Keeping Property in the Trust: As the trust reaches its 21st anniversary, under the ‘do nothing’ approach, the trust will retain the property but will be deemed to dispose of it at fair market value (FMV) and reacquire it at that same FMV, essentially triggering the taxes and having a new cost on the property. The trustees should determine the consequences of triggering the gain on the 21st anniversary. Depending on the cost base of the assets and the FMV, the capital gain may not result in a significant tax and there will be another 21 years to make a decision about the ultimate distribution of trust property.
Sell Property: If the trust is going to trigger capital gains on the trust property, the trustees may decide to sell the property and distribute the net assets to the beneficiaries.

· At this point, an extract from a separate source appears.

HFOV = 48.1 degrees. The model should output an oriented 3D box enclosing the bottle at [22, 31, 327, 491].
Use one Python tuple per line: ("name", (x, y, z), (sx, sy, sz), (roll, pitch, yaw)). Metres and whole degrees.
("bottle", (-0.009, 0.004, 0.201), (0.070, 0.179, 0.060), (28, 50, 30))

Watch Timing of Acquisitions / Dispositions: Consideration may be placed on what properties the trust should own. It may make sense to delay purchasing an asset until after the 21st anniversary or alternatively, sell certain assets in advance of the date. If a property is to be sold shortly after the deemed disposition at the 21st anniversary, the deemed disposition may not have a significant cost as the new adjusted cost base will be equal to the FMV at the 21st anniversary.
Rollout of Trust Property: Generally, a trust can transfer the trust property to the capital beneficiaries on a rollout basis, which means the trust disposes of the assets at its adjusted cost base (ACB) while the beneficiaries receive the assets at that same amount. The properties with latent gains will be held by the beneficiaries directly. Often the trustees will want to transfer properties to the beneficiaries directly, effectively winding up the trust. This rollout can be denied if the trust is considered a reversionary trust.
Reorganization Planning: There are times the trustees may wish to implement a reorganization. The trustees may allocate certain properties with accrued gains to the beneficiaries so they are not disposed at FMV, but retain other assets that do not have accrued gains and trigger the capital gains on these at the 21st anniversary.
If you are using a family trust, it is critical to consider the various options and scenarios to ensure the trust continues to meet the family’s goals as it approaches the 21st anniversary.